For this purpose, a systematic, random counting procedure, similar to the optical disector (Gundersen et al., 1988), was used as described previously (Williams and Rakic, 1988; Rockenstein et al., 2007a). For the purpose of the present study the morphometric analysis was focused on the subgranular zone (SGZ) of the DG. This area corresponds to the layer of NPCs located directly under the first layer of mature granular cells in the DG, which in addition to the SGZ, includes the granular cell layer (GCL) and the molecular layer (ML). The analysis was centered on the SGZ because a previous study has shown that this is the area most consistently affected in APP tg mice (Donovan et al., 2006). To determine the number of BrdU+ or DCX+ cells in the SGZ of the hippocampus, every sixth section (200-µm interval) of the left hemisphere was selected from each animal and processed for immunohistochemistry. The reference volume was determined by tracing the areas using a semi-automatic stereology system (Stereoinvestigator, MicroBrightField, Colchester, VT). Positive cells were counted within a 60 × 60 µm counting frame, which was spaced in a 300 × 300 µm counting grid. Positive profiles that intersected the uppermost focal plane (exclusion plane) or the lateral exclusion boundaries of the counting frame were not counted. The total counts of positive profiles were multiplied by the ratio of reference volume to sampling volume in order to obtain the estimated number of positive cells for each structure. Results were expressed as fold change compared to controls so that the scale is comparable in the studies of neurogenesis in both human and mouse brains.
Adult rat hippocampal NPCs (generously provided by F. Gage, Salk Institute) were cultured routinely for expansion essentially as previously described (Ray and Gage, 2006) with some modifications. Briefly, cells were grown for expansion in DMEM/F12 media (Mediatech, Manassas, VA) containing B27 supplement, 1X L-glutamine and 1X antibiotic-antimycotic (all from Invitrogen). For induction of neuronal differentiation, cells were plated onto poly-ornithine/laminin (Sigma-Aldrich) coated plates or coverslips and transferred the next day to differentiation media containing N2 supplement (Invitrogen), 1 µM all-trans retinoic acid (Sigma-Aldrich), 5 µM forskolin (Sigma-Aldrich) and 1% FBS. Cells were differentiated for four days, and fresh differentiation media was added at day 2.

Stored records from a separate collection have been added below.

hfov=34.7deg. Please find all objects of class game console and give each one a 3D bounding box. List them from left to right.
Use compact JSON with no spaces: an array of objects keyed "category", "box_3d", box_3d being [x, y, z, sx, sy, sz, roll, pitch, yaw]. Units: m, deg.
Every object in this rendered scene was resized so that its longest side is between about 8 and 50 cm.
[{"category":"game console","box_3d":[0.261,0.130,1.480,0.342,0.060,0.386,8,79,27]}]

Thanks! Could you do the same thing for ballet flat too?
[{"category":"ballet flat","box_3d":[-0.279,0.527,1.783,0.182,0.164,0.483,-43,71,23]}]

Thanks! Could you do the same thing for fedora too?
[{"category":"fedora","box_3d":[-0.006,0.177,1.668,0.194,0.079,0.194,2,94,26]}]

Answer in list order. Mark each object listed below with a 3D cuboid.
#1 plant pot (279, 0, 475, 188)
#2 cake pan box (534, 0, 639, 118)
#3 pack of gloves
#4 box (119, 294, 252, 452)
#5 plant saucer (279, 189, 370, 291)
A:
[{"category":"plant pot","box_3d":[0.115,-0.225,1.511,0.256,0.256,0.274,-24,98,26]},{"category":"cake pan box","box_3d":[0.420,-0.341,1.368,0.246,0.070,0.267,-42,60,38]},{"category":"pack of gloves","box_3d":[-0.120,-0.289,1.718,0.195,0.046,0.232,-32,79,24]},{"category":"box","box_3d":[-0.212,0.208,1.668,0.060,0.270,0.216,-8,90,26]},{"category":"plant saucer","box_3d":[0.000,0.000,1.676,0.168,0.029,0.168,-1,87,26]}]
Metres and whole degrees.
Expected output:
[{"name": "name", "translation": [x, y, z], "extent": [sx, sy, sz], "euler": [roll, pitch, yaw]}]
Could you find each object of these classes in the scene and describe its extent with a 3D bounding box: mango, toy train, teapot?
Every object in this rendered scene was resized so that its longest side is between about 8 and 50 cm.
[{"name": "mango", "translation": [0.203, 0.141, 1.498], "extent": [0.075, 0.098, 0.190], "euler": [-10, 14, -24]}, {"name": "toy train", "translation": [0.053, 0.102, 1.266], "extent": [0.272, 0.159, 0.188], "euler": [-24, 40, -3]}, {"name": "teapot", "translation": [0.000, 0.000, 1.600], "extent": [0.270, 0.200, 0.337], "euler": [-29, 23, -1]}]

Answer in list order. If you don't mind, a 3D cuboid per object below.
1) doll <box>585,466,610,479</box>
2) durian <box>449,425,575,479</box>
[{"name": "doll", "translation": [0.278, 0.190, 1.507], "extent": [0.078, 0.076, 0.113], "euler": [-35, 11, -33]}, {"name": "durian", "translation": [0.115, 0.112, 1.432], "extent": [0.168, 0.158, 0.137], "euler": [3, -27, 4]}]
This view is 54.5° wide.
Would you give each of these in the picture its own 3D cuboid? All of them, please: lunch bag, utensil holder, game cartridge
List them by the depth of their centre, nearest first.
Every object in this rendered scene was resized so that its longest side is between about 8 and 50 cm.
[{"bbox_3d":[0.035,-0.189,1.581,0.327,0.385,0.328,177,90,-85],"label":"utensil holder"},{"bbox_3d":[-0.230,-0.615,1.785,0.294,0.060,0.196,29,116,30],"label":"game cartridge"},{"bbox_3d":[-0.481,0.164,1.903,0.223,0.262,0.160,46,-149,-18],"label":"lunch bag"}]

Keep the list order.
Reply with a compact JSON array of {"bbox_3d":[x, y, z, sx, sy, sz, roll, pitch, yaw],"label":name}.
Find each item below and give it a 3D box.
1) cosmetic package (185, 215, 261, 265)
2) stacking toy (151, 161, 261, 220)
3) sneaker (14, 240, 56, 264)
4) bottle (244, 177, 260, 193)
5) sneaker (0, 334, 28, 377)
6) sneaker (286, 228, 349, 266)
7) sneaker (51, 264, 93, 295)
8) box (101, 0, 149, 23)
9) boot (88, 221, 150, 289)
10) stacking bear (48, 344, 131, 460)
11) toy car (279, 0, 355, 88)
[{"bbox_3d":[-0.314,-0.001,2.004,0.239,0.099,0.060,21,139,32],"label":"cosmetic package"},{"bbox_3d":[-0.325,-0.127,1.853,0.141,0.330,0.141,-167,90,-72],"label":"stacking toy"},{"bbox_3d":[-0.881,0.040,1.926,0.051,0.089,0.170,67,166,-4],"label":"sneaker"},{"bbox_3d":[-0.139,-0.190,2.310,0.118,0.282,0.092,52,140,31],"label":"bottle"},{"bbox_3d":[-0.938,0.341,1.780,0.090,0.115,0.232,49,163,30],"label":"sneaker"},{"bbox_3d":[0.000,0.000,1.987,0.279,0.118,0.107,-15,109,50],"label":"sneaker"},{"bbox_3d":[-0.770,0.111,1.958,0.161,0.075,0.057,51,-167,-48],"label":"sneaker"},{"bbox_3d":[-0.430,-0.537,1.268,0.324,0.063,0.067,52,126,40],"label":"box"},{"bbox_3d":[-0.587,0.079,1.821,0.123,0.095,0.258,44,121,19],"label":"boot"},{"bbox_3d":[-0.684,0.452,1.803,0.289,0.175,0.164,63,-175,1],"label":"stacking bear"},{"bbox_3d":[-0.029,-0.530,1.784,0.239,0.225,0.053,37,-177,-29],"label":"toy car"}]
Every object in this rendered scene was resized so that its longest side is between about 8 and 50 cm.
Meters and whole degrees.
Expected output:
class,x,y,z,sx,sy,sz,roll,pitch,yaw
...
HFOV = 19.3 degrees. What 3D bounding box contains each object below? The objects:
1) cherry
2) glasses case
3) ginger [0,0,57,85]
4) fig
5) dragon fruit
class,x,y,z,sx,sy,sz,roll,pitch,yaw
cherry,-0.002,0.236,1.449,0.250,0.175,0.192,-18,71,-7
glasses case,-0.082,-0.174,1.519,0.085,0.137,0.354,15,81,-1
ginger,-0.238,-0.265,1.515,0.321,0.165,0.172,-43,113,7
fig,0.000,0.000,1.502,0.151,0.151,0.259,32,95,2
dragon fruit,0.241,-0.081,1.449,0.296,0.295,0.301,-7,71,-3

For determination of the effects of Aβ exposure on BMP6 expression levels, cultured NPCs were treated with recombinant Aβ. Adult rat hippocampal NPCs were plated for differentiation and cultures were exposed on day 3 of differentiation (24 hr incubation) with freshly solubilized Aβ1–42 (1 µM, American Peptide, Sunnyvale, CA). This concentration of Aβ was selected because it was determined to be sub-lethal in this cell type and is within the range of Aβ concentrations utilized in previous in vitro studies investigating the effects of Aβ on neurogenesis (Haughey et al., 2002a; Haughey et al., 2002b). Cells were harvested on day 4 by cell lysis and total protein or RNA was harvested and prepared for immunoblot or qRT-PCR analyses, respectively.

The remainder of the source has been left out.